Among the entries that follow, the required portion opens with the line containing "#5 traffic island" and closes with the line containing "#10 building [413,0,458,510]". Give that portion again exactly, and nothing else.

Material provided: Begin

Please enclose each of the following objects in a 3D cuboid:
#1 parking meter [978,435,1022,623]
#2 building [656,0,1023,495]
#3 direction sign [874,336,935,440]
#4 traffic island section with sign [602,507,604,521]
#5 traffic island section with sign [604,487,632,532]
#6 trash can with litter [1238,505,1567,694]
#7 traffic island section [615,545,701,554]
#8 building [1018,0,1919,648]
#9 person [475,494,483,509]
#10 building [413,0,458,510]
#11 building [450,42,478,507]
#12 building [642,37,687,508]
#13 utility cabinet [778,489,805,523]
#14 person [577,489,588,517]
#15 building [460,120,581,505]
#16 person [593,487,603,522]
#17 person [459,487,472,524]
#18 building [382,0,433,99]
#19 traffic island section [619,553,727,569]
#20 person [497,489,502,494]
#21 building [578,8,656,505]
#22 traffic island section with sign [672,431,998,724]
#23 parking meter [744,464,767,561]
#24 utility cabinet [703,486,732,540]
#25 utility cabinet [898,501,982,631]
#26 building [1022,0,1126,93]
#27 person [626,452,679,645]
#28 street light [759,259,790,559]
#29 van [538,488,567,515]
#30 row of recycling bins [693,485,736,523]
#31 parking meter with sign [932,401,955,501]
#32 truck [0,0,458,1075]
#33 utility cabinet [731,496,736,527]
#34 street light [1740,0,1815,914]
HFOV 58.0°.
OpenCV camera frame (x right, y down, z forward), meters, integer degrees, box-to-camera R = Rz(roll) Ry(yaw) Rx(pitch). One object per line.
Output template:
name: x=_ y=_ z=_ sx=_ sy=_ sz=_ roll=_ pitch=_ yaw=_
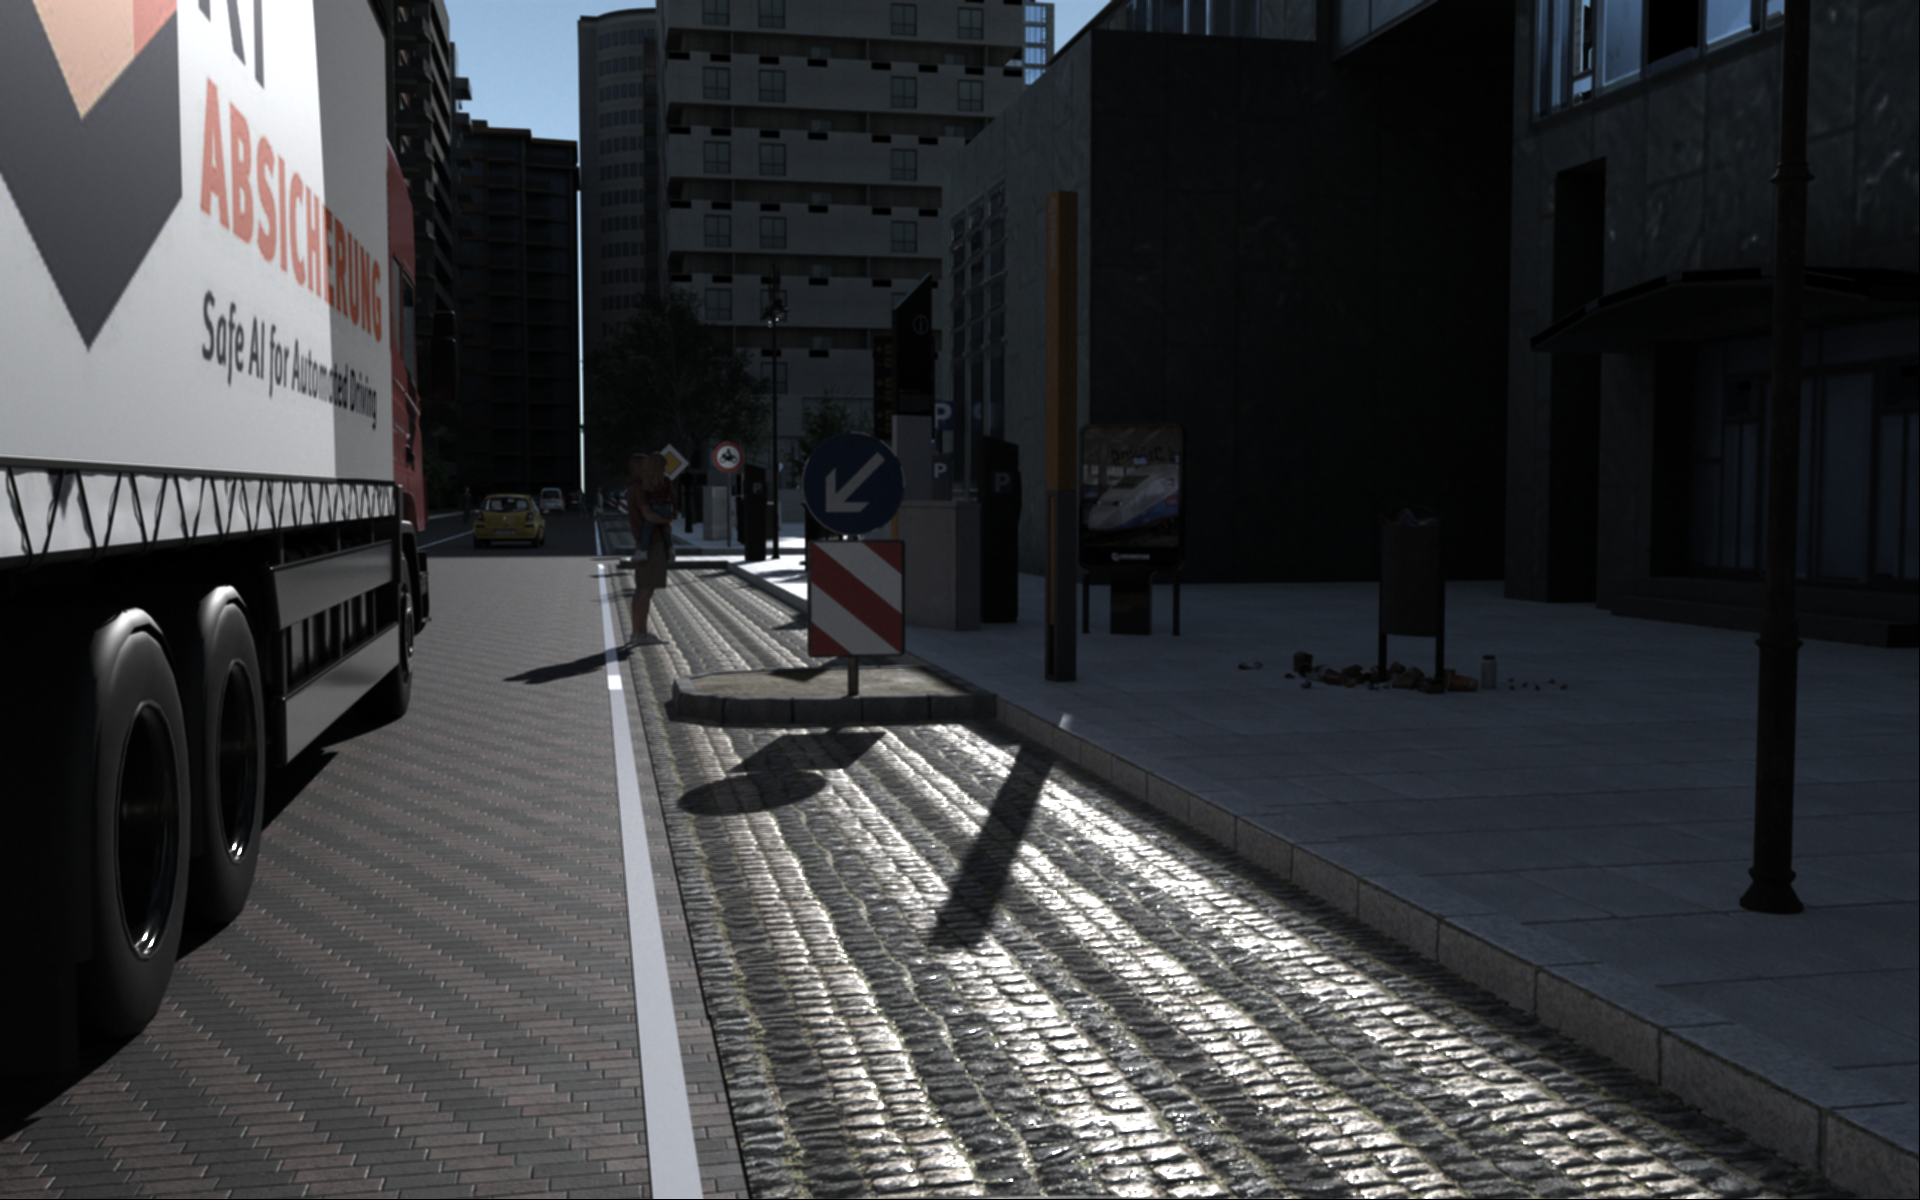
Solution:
parking meter: x=0.392 y=-0.708 z=17.289 sx=0.399 sy=1.863 sz=0.255 roll=-1 pitch=4 yaw=-17
building: x=-10.501 y=-33.737 z=140.844 sx=28.713 sy=52.752 sz=27.495 roll=-1 pitch=4 yaw=-12
direction sign: x=-0.799 y=-2.014 z=24.921 sx=0.876 sy=3.537 sz=0.379 roll=0 pitch=4 yaw=-5
traffic island section with sign: x=-18.061 y=-5.128 z=92.475 sx=1.989 sy=1.847 sz=2.006 roll=-1 pitch=4 yaw=-12
traffic island section with sign: x=-12.453 y=-3.516 z=66.107 sx=1.989 sy=1.847 sz=2.006 roll=-1 pitch=4 yaw=-12
trash can with litter: x=2.890 y=-0.054 z=11.948 sx=1.678 sy=1.210 sz=2.233 roll=-2 pitch=4 yaw=-33
traffic island section: x=-7.354 y=-1.208 z=42.040 sx=2.009 sy=0.180 sz=2.903 roll=-1 pitch=4 yaw=-12
building: x=13.768 y=-43.211 z=19.171 sx=22.319 sy=86.520 sz=31.000 roll=-1 pitch=4 yaw=-12
person: x=-34.164 y=-6.812 z=123.131 sx=0.557 sy=1.426 sz=1.065 roll=-3 pitch=5 yaw=-43
building: x=-55.403 y=-32.112 z=148.738 sx=21.300 sy=48.544 sz=21.600 roll=-1 pitch=4 yaw=-12
building: x=-64.252 y=-33.780 z=171.918 sx=30.456 sy=49.044 sz=23.786 roll=-1 pitch=4 yaw=-12
building: x=-22.137 y=-29.160 z=160.357 sx=14.154 sy=41.232 sz=14.086 roll=-1 pitch=4 yaw=-12
utility cabinet: x=-7.489 y=-4.176 z=76.951 sx=1.173 sy=1.500 sz=0.318 roll=0 pitch=4 yaw=3
person: x=-23.803 y=-6.129 z=109.052 sx=0.623 sy=1.781 sz=0.721 roll=1 pitch=4 yaw=20
building: x=-59.550 y=-33.662 z=204.993 sx=28.867 sy=44.769 sz=22.147 roll=-1 pitch=4 yaw=-12
person: x=-18.742 y=-4.952 z=89.825 sx=0.624 sy=1.780 sz=0.694 roll=-1 pitch=4 yaw=-20
person: x=-23.438 y=-4.476 z=82.098 sx=0.534 sy=1.772 sz=0.576 roll=1 pitch=4 yaw=12
building: x=-49.722 y=-28.712 z=124.070 sx=22.147 sy=44.769 sz=28.867 roll=-1 pitch=4 yaw=-12
traffic island section: x=-5.696 y=-0.731 z=34.228 sx=2.009 sy=0.180 sz=2.903 roll=-1 pitch=4 yaw=-12
person: x=-39.355 y=-8.536 z=148.074 sx=1.348 sy=1.824 sz=0.705 roll=0 pitch=4 yaw=-4
building: x=-31.470 y=-40.839 z=209.723 sx=28.212 sy=58.520 sz=21.231 roll=-1 pitch=4 yaw=-12
traffic island section with sign: x=-0.931 y=-0.189 z=11.719 sx=1.989 sy=1.847 sz=2.006 roll=-1 pitch=4 yaw=-12
parking meter: x=-3.931 y=-1.689 z=33.331 sx=0.399 sy=1.863 sz=0.255 roll=-2 pitch=4 yaw=-27
utility cabinet: x=-6.745 y=-2.419 z=48.227 sx=0.318 sy=1.500 sz=1.173 roll=1 pitch=4 yaw=19
utility cabinet: x=-0.204 y=-0.334 z=16.630 sx=0.306 sy=1.237 sz=1.020 roll=-3 pitch=4 yaw=-36
building: x=23.743 y=-36.528 z=186.476 sx=27.495 sy=52.752 sz=28.713 roll=-1 pitch=4 yaw=-12
person: x=-2.959 y=-0.491 z=16.495 sx=0.580 sy=1.828 sz=0.573 roll=2 pitch=4 yaw=23
street light: x=-3.653 y=-3.755 z=34.175 sx=0.468 sy=5.910 sz=1.993 roll=-1 pitch=4 yaw=-12
van: x=-28.535 y=-6.982 z=121.161 sx=2.013 sy=2.044 sz=4.112 roll=-1 pitch=4 yaw=-11
row of recycling bins: x=-10.559 y=-4.389 z=78.871 sx=3.534 sy=1.692 sz=1.069 roll=-2 pitch=4 yaw=-35
parking meter with sign: x=-0.379 y=-2.172 z=31.774 sx=0.543 sy=3.016 sz=1.738 roll=0 pitch=4 yaw=1
truck: x=-3.990 y=-1.139 z=7.535 sx=2.839 sy=4.237 sz=11.283 roll=-1 pitch=4 yaw=-12
utility cabinet: x=-9.004 y=-3.405 z=66.836 sx=1.020 sy=1.237 sz=0.306 roll=-3 pitch=4 yaw=-36
street light: x=2.517 y=-1.982 z=5.194 sx=0.468 sy=5.910 sz=1.993 roll=-1 pitch=4 yaw=-12

Material provided: End

** Task solution **
#5 traffic island section with sign [604,487,632,532]
#6 trash can with litter [1238,505,1567,694]
#7 traffic island section [615,545,701,554]
#8 building [1018,0,1919,648]
#9 person [475,494,483,509]
#10 building [413,0,458,510]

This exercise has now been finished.